Izin Pembuangan Limbah PT SIM Belum Keluar, Ikan di Sungai Mati, Siapa Yang Bertanggungjawab?

PT Sawit Inti Makmur
Ilustrasi ikan mati karena limbah pabrik PT Sawit Inti Makmur

Logas Hilir — Sebuah pabrik kelapa sawit milik PT Sawit Inti Makmur (SIM) yang berlokasi di Desa Logas Hilir, Kecamatan Singingi, Kabupaten Kuantan Singingi, dikabarkan telah memulai operasionalnya meski belum mengantongi izin lengkap.

Menurut keterangan dari Deflides Kepala Dinas Lingkungan Hidup (DLH) Kabupaten Kuantan Singingi, perusahaan tersebut hingga kini belum memiliki Izin Operasional Kelayakan Pembuangan Limbah. Selain itu, masih ada beberapa dokumen perizinan lain yang belum dipenuhi.

Surat layak operasional pembuangan limbah cair mereka belum keluar, surat itu bisa keluar apabila tiga kali pihak perusahaan tersebut melaporkan ambang di bawah baku mutu, namun mereka tetap diperbolehkan beroperasi” ucap deflides kadis DLH Kuansing kepada Hitam Putih News, Sabtu 24/05/2025.

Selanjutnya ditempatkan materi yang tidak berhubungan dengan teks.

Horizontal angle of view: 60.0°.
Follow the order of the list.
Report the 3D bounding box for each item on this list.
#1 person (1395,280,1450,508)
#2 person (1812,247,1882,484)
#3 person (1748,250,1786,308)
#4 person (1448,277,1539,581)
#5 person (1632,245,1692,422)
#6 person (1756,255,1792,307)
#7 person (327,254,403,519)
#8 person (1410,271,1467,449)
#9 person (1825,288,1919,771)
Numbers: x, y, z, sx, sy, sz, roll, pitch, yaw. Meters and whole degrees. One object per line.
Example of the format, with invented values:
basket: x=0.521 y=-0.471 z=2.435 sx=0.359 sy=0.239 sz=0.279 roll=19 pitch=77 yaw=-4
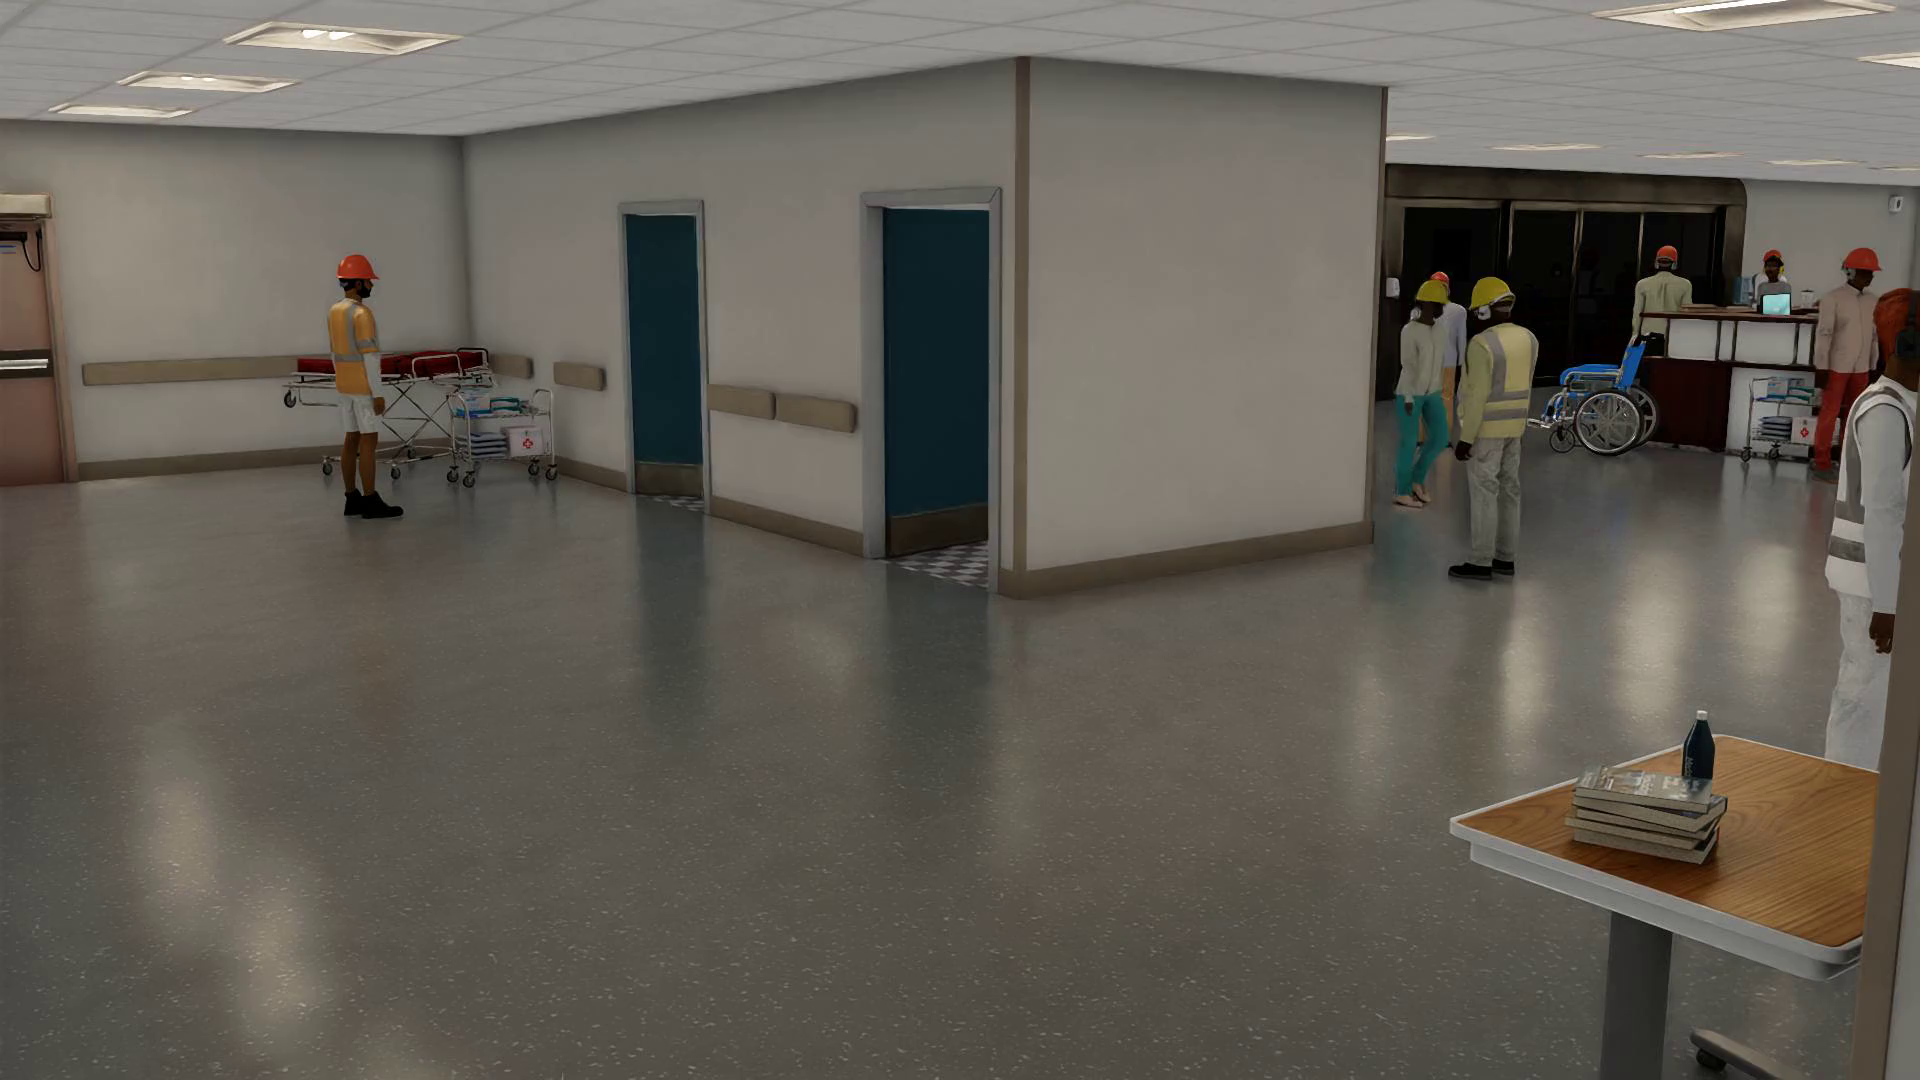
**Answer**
person: x=3.531 y=-1.105 z=12.709 sx=0.537 sy=1.749 sz=0.398 roll=-6 pitch=12 yaw=-30
person: x=7.501 y=-1.462 z=14.037 sx=0.621 sy=1.985 sz=0.407 roll=-3 pitch=11 yaw=-17
person: x=11.645 y=-3.212 z=24.009 sx=0.392 sy=1.929 sz=0.546 roll=-7 pitch=12 yaw=-33
person: x=3.196 y=-0.665 z=10.024 sx=0.586 sy=1.822 sz=0.404 roll=-8 pitch=13 yaw=-37
person: x=7.937 y=-2.325 z=18.832 sx=0.622 sy=1.992 sz=0.396 roll=4 pitch=11 yaw=21
person: x=9.907 y=-2.544 z=20.403 sx=0.319 sy=1.876 sz=0.532 roll=-4 pitch=11 yaw=-22
person: x=-4.412 y=-1.125 z=12.272 sx=0.545 sy=1.939 sz=0.354 roll=9 pitch=13 yaw=41
person: x=4.712 y=-1.773 z=16.447 sx=0.564 sy=1.743 sz=0.352 roll=3 pitch=11 yaw=18
person: x=2.947 y=0.150 z=5.286 sx=0.355 sy=1.883 sz=0.576 roll=6 pitch=12 yaw=29
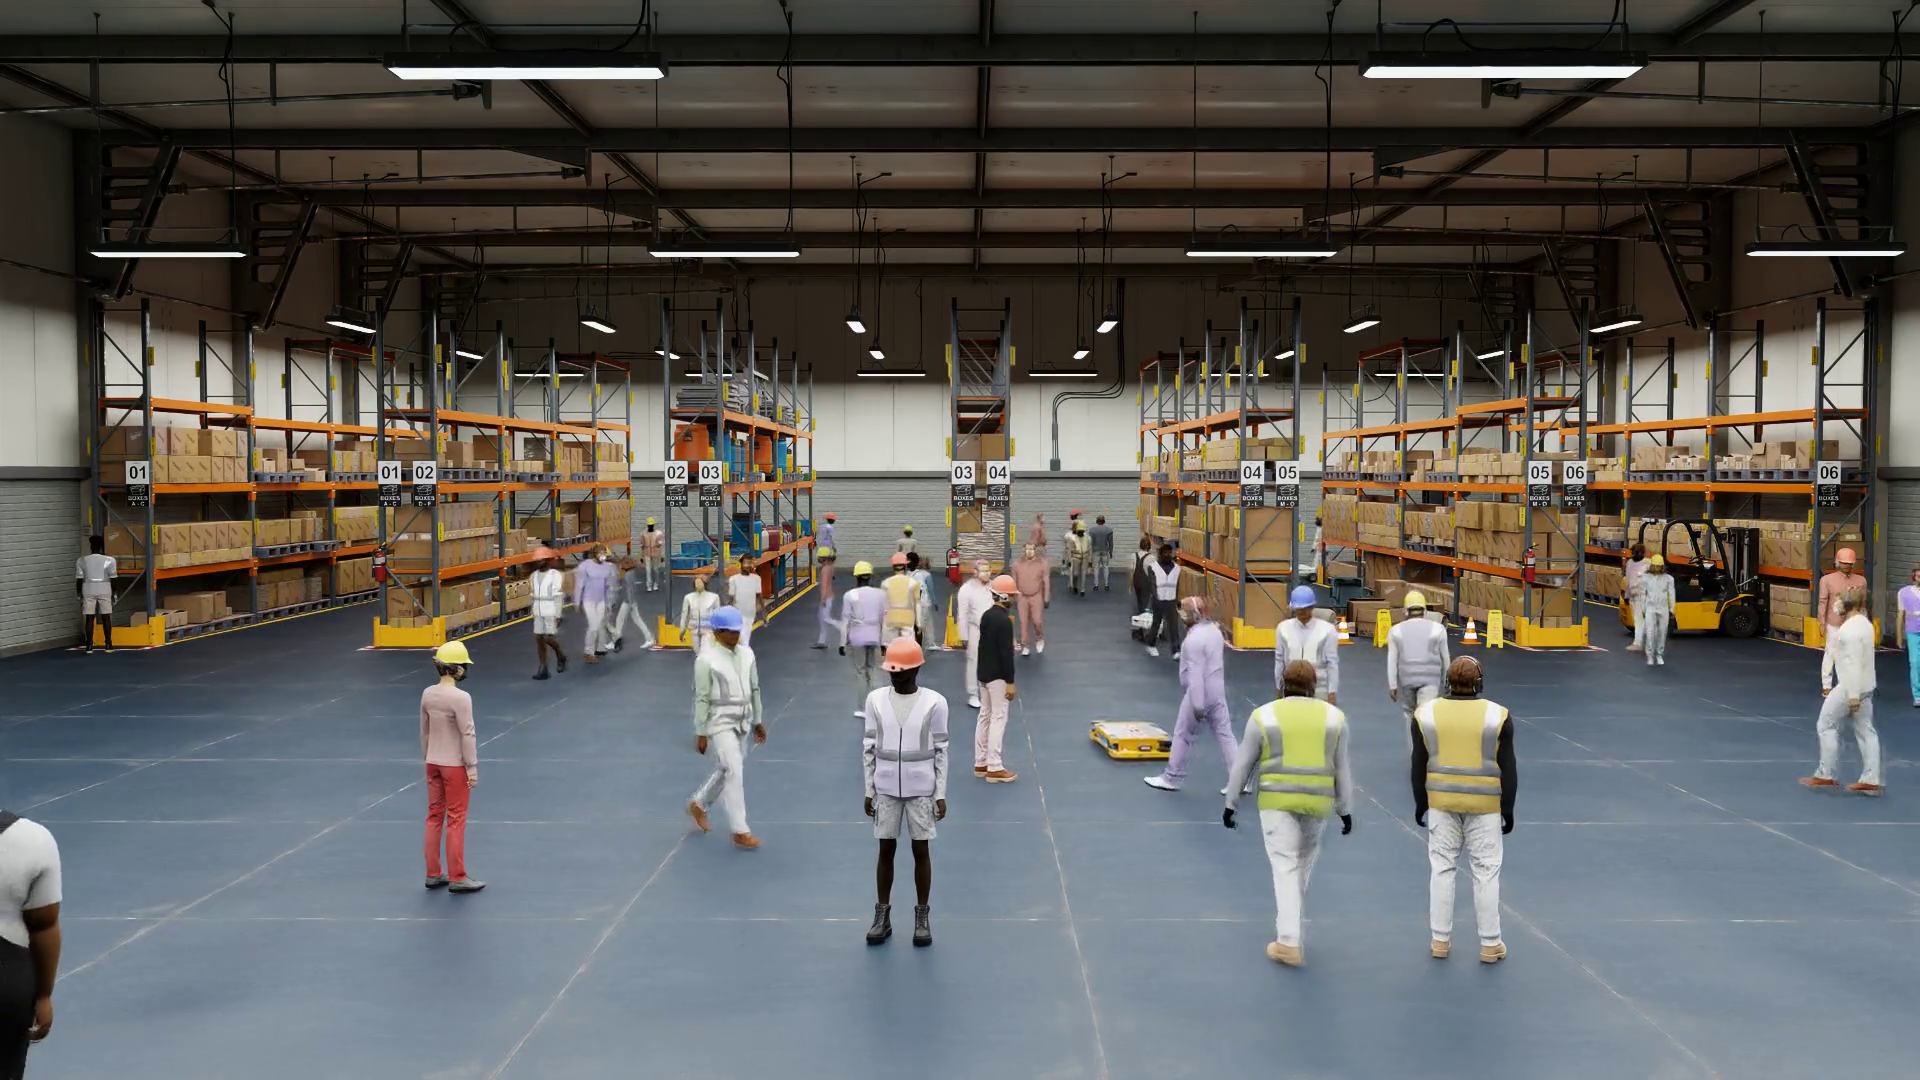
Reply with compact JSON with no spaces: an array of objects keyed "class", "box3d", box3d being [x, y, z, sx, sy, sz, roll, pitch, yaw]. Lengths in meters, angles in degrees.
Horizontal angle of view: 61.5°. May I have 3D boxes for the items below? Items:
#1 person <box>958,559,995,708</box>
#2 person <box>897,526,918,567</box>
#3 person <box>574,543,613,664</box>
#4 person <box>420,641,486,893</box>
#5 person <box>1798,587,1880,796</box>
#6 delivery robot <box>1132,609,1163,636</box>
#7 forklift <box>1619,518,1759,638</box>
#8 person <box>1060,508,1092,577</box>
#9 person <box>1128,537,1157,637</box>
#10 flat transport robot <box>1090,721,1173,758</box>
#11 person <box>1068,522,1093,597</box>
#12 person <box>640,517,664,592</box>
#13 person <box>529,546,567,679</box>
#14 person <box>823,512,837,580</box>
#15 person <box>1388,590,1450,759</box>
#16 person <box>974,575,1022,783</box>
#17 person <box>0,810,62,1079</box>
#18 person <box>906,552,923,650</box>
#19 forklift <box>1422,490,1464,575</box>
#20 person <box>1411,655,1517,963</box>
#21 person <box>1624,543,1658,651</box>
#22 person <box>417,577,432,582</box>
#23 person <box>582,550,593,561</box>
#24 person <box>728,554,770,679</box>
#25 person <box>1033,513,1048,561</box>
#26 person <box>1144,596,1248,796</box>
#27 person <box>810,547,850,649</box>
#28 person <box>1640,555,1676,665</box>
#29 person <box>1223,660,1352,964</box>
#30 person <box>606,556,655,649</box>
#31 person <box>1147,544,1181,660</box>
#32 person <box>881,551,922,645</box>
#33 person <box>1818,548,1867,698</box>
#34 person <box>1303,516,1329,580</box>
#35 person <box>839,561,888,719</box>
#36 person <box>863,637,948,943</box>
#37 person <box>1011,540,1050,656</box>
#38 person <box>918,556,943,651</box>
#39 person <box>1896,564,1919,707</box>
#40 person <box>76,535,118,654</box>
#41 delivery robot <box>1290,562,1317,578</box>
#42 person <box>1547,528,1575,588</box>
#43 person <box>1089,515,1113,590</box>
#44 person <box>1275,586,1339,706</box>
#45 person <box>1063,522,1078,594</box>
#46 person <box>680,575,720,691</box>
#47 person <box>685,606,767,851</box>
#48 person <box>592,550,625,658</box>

Ironisnya, pada Sabtu pagi (24/5/2025) sekitar pukul 07.00 WIB, warga dikejutkan dengan fenomena matinya ribuan ikan secara massal di sepanjang aliran Sungai Singingi dan Singingi Hilir. Warga menduga kuat bahwa peristiwa ini disebabkan oleh pembuangan limbah dari pabrik kelapa sawit milik PT SIM yang baru saja beroperasi.

Air itu memang keruh dan hitam, berdasarkan temuan di lapangan tadi tetap kita buatkan berita acara oleh tim pengawas bahwasanya operasi pabrik tersebut untuk sementara dihentikan dulu” ucap deflides.

Lebih lanjut Deflides juga menyebutkan bahwa memang ada aliran anak sungai yang berada di samping PT SIM tersebut yang bermuara ke sungai lembu dan sungai lembu itu bermuara ke sungai Singingi.

Bacaan Lainnya

Memang ada aliran anak sungai yang berada di samping PT SIM tersebut yang bermuara ke sungai lembu dan sungai lembu itu bermuara ke sungai Singingi” lanjut Deflides.

Peristiwa ini bukan kali pertama terjadi. Sejumlah warga mengaku, insiden serupa sempat terjadi sekitar seminggu sebelumnya, meski jumlah ikan mati saat itu tidak sebanyak kali ini.

Kejadian ini pun memicu pertanyaan besar di tengah masyarakat: bagaimana mungkin sebuah pabrik bisa beroperasi tanpa izin lengkap? Publik mulai berspekulasi adanya dugaan permainan antara perusahaan dan pihak-pihak tertentu yang memiliki kekuasaan.

Awak media mencoba menghubungi humas PT. SIM, namun hingga berita ini diturunkan, pihak humas PT SIM tidak menjawab panggilan suara awak media dan belum ada pernyataan resmi dari pihak perusahaan mengenai dugaan pencemaran dan kelengkapan izin operasional pabrik tersebut.